* **What the exercise asks**: As you work through the listing below, copy each line exactly and drop the images.

* **Dataset entries**:
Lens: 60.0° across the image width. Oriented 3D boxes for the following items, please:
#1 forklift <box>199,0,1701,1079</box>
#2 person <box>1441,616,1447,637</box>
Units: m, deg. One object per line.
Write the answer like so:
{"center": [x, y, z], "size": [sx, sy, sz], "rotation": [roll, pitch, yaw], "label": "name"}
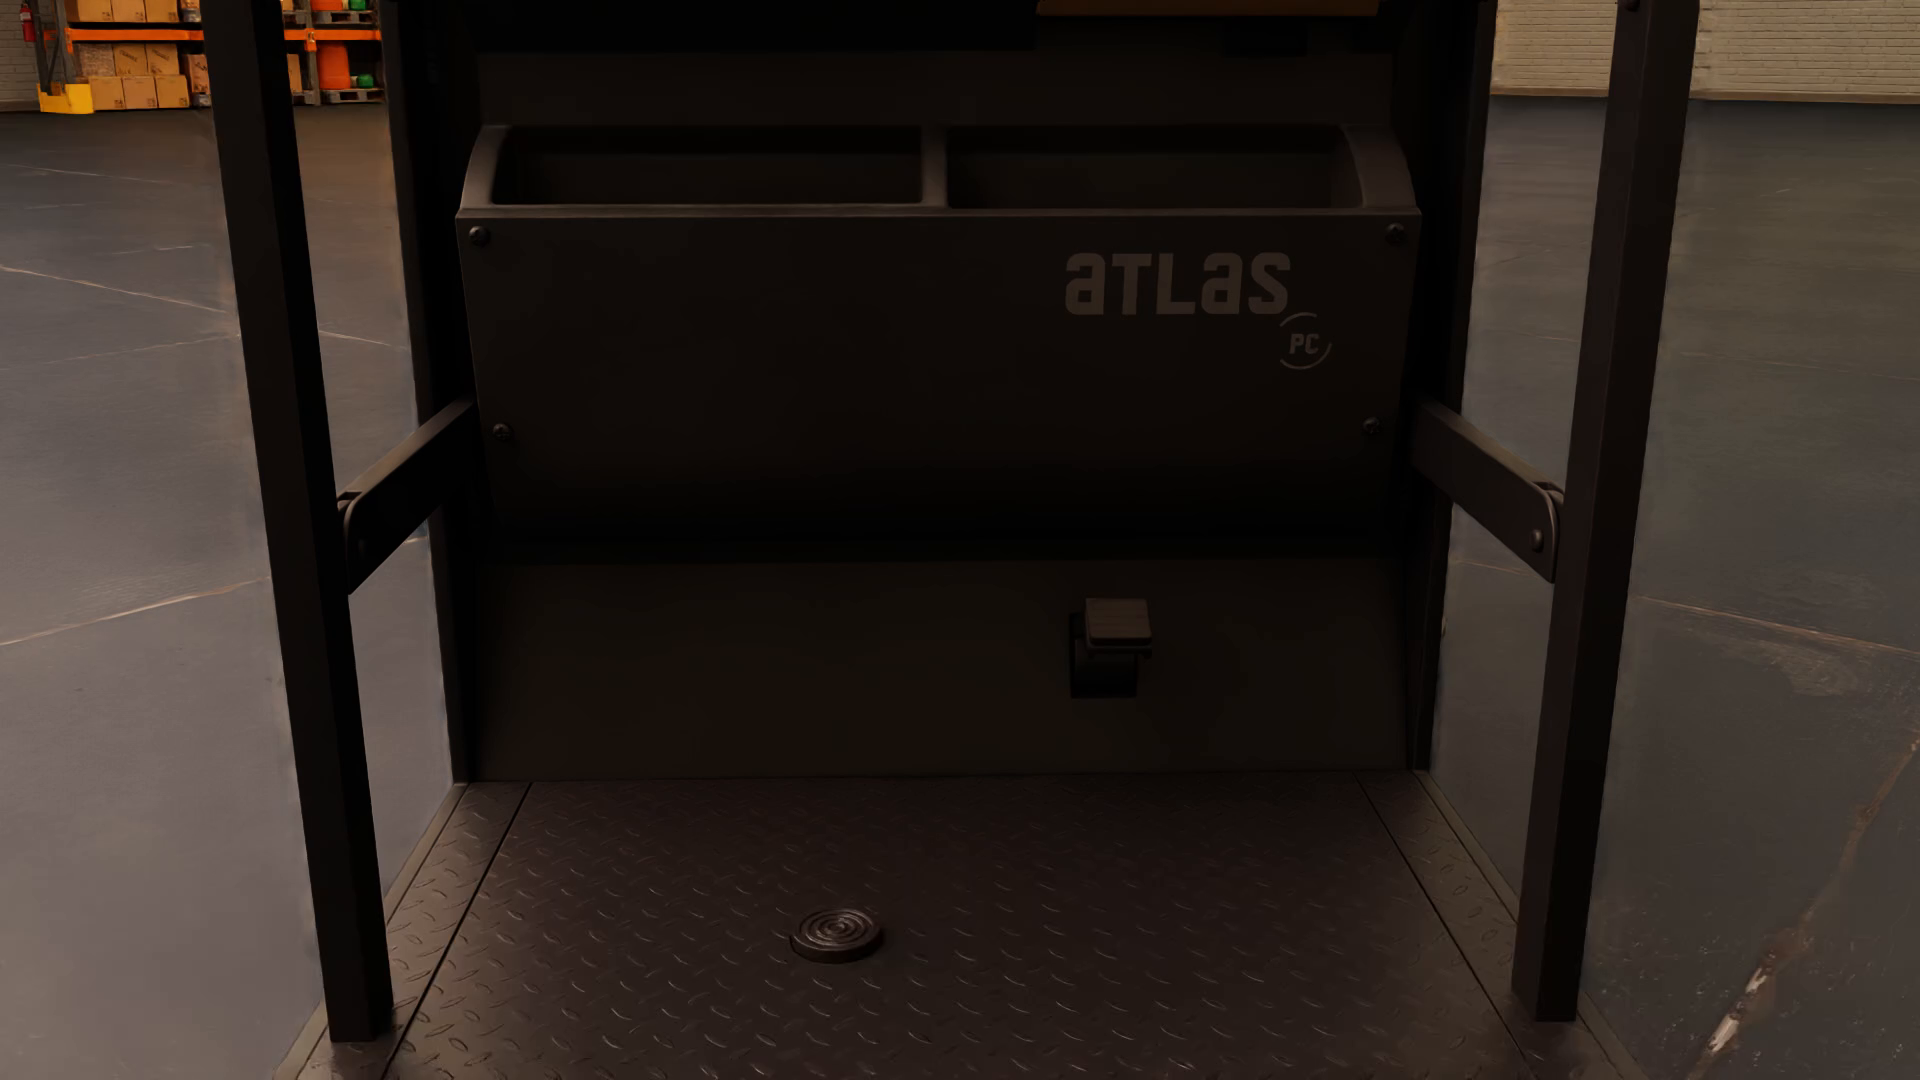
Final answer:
{"center": [-0.010, -0.737, 1.325], "size": [1.130, 2.935, 3.031], "rotation": [0, 17, -2], "label": "forklift"}
{"center": [0.601, -0.648, 3.313], "size": [0.673, 1.651, 0.937], "rotation": [-8, 19, -25], "label": "person"}
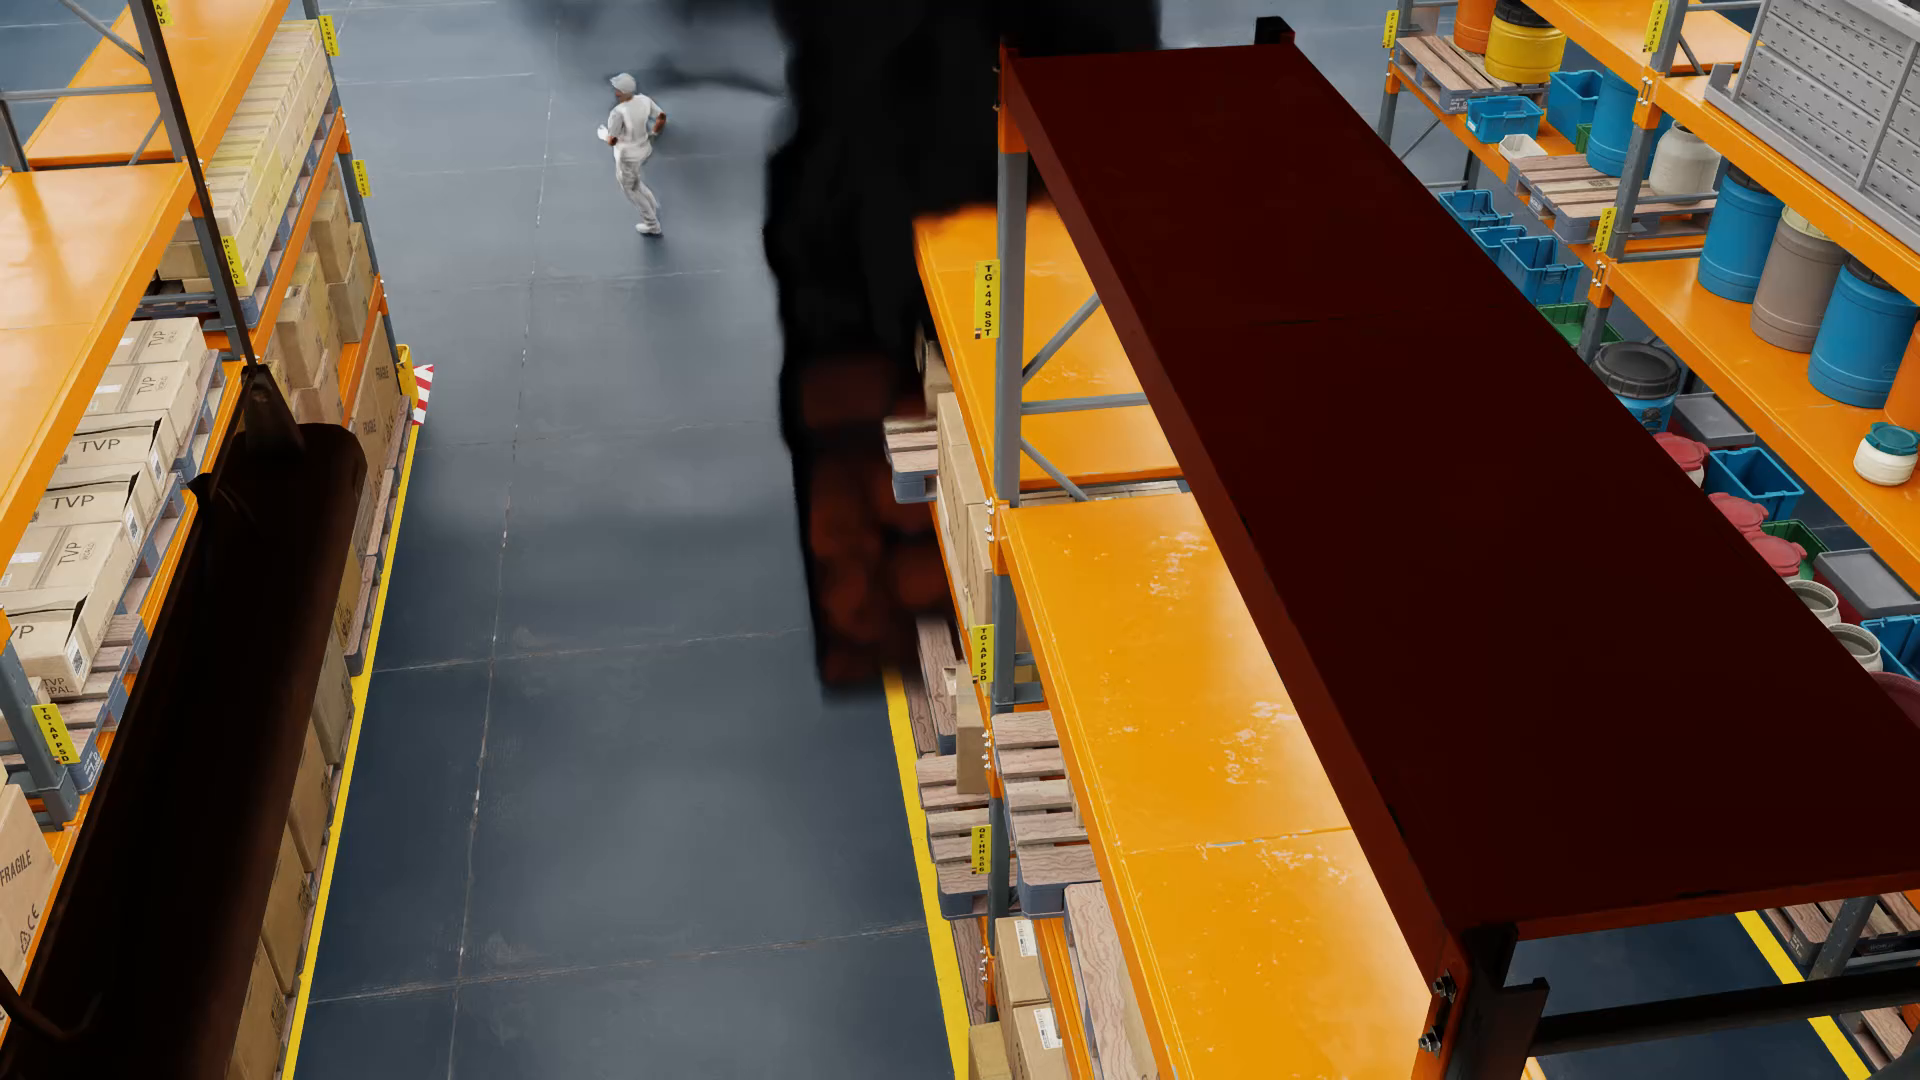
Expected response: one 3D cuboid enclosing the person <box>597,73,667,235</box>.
[{"bbox_3d":[-3.493,-4.089,17.521,0.638,1.741,0.667,15,39,19],"label":"person"}]
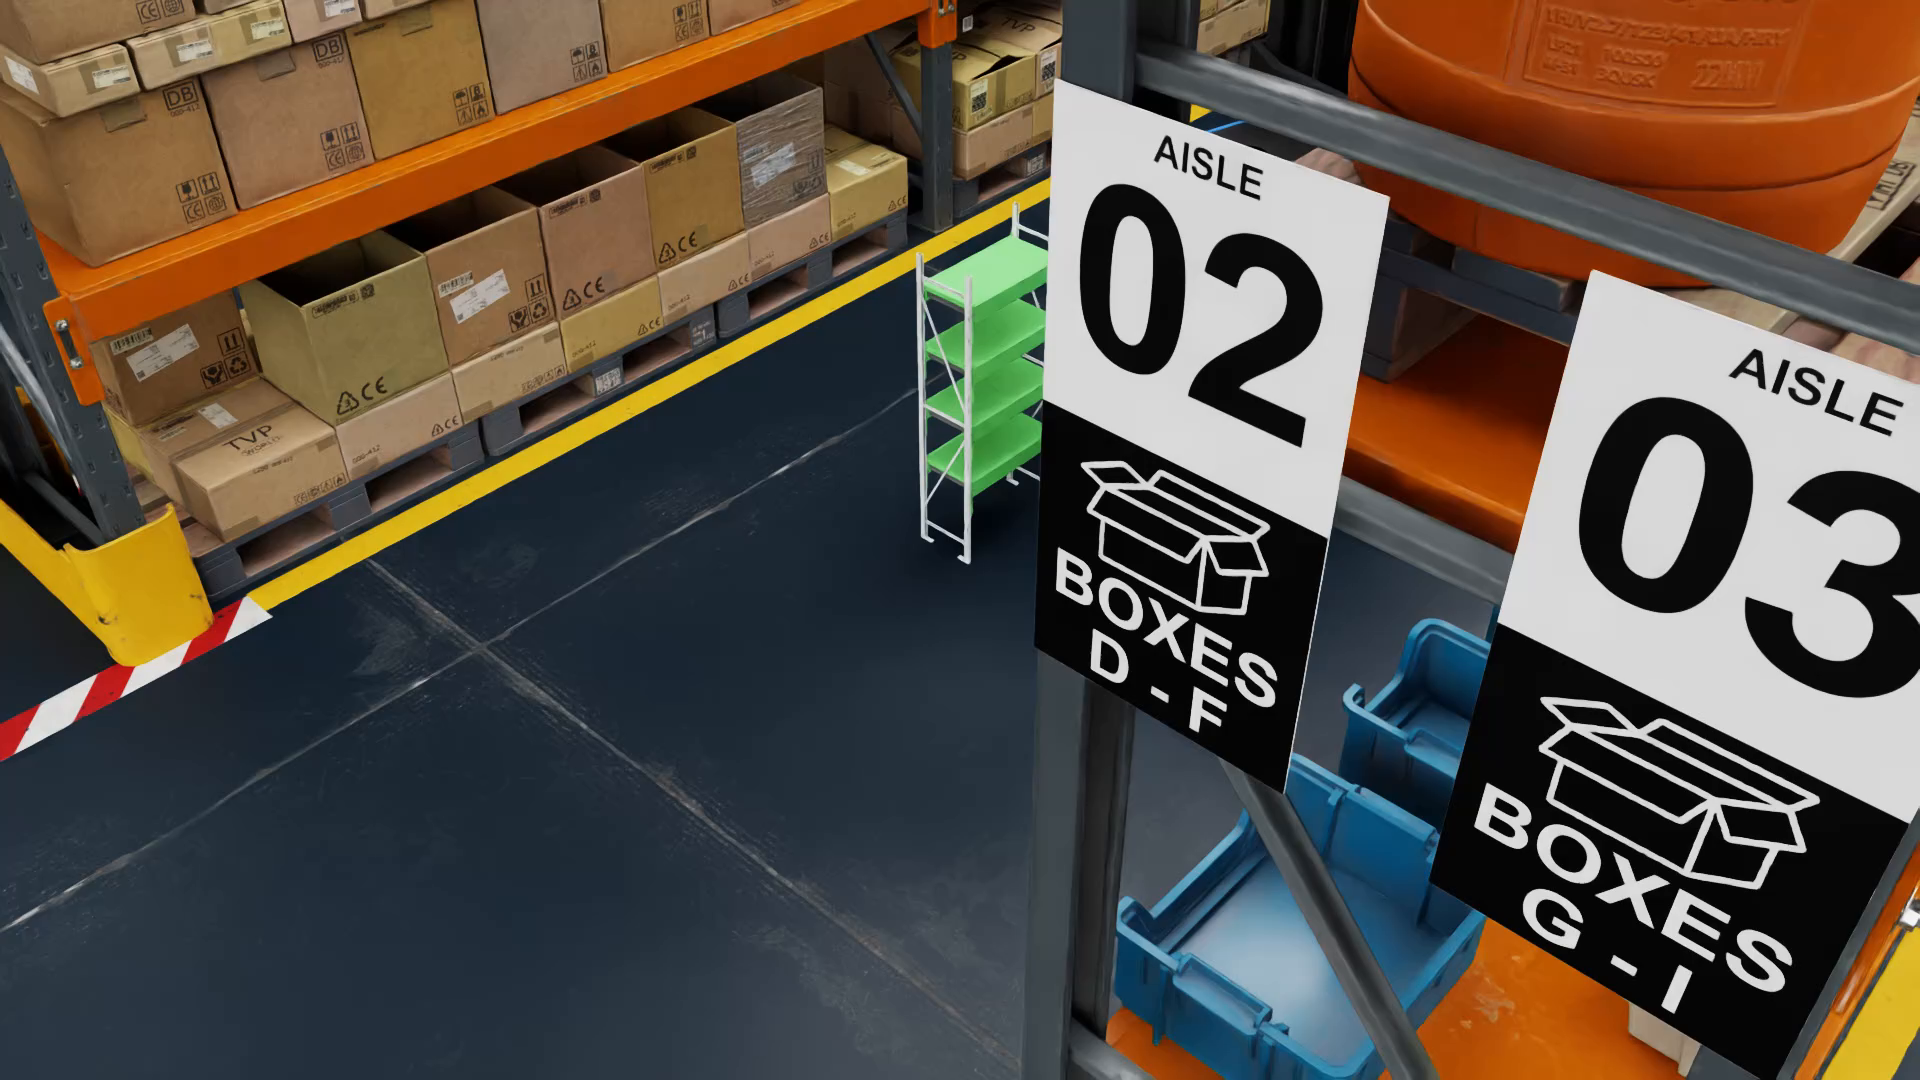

* **Expected output**:
Lens: 60.0° across the image width. Oriented 3D boxes for the following items, please:
#1 forklift <box>199,0,1701,1079</box>
#2 person <box>1441,616,1447,637</box>
Units: m, deg. One object per line.
Write the answer like so:
{"center": [x, y, z], "size": [sx, sy, sz], "rotation": [roll, pitch, yaw], "label": "name"}
Final answer:
{"center": [-0.010, -0.737, 1.325], "size": [1.130, 2.935, 3.031], "rotation": [0, 17, -2], "label": "forklift"}
{"center": [0.601, -0.648, 3.313], "size": [0.673, 1.651, 0.937], "rotation": [-8, 19, -25], "label": "person"}
Expected response: one 3D cuboid enclosing the person <box>597,73,667,235</box>.
[{"bbox_3d":[-3.493,-4.089,17.521,0.638,1.741,0.667,15,39,19],"label":"person"}]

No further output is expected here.